This past summer the bar started doing karaoke every Thursday night. Oh did I mention that the bar is predominantly french, so not only is it karaoke, it's literally Love Shack/Like a Virgin with a drunk french Canadian accent (not to bash francos, just sayin' no one's going "wow, you sound so much like the real song!). Oh and they have a patio too.
The karaoke mixed with bouncers constantly kicking the shit out of drunk strip club patrons has put us over the deep end. What the hell were we thinking?! (did I mention the apartment is really nice...and big?). We just looked at a new apt. this weekend. It's in the back corner of the building, with vines covering the windows, perfect..

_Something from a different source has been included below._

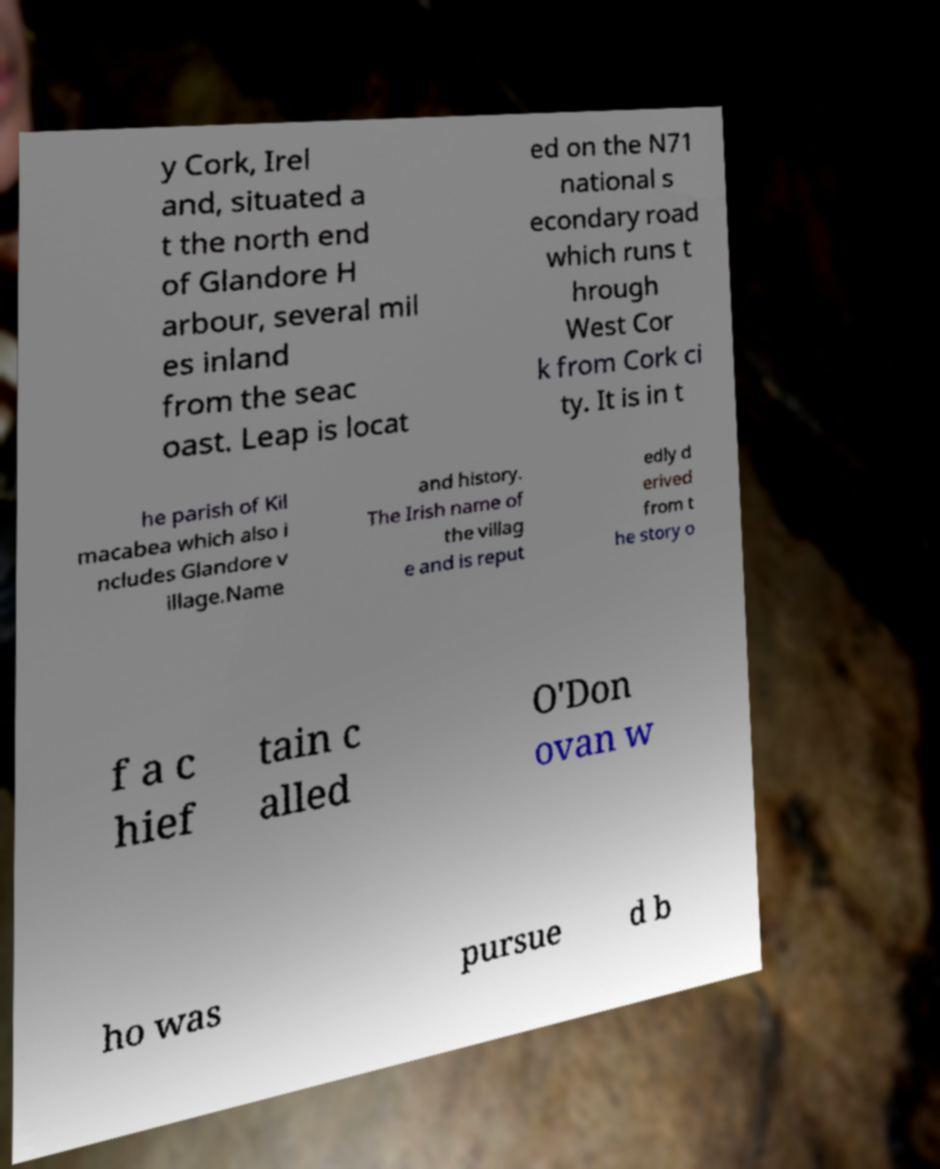Please identify and transcribe the text found in this image. y Cork, Irel and, situated a t the north end of Glandore H arbour, several mil es inland from the seac oast. Leap is locat ed on the N71 national s econdary road which runs t hrough West Cor k from Cork ci ty. It is in t he parish of Kil macabea which also i ncludes Glandore v illage.Name and history. The Irish name of the villag e and is reput edly d erived from t he story o f a c hief tain c alled O'Don ovan w ho was pursue d b

view Angie in Montreal's profile
Any street noise is relatively isolated in my apartment--it's on a very residential street. I do hear the bus, and traffic, and garbage trucks, and police helicopters but I don't find it disturbing. What's been the bane of my existence lately is my downstairs neighbor's bedroom "activities." Even with a new rug/padding, ear plugs, and a fan running for white noise. I mentioned it gently in a note about a week ago and haven't had any problems recently, but it was pretty ridiculous for awhile.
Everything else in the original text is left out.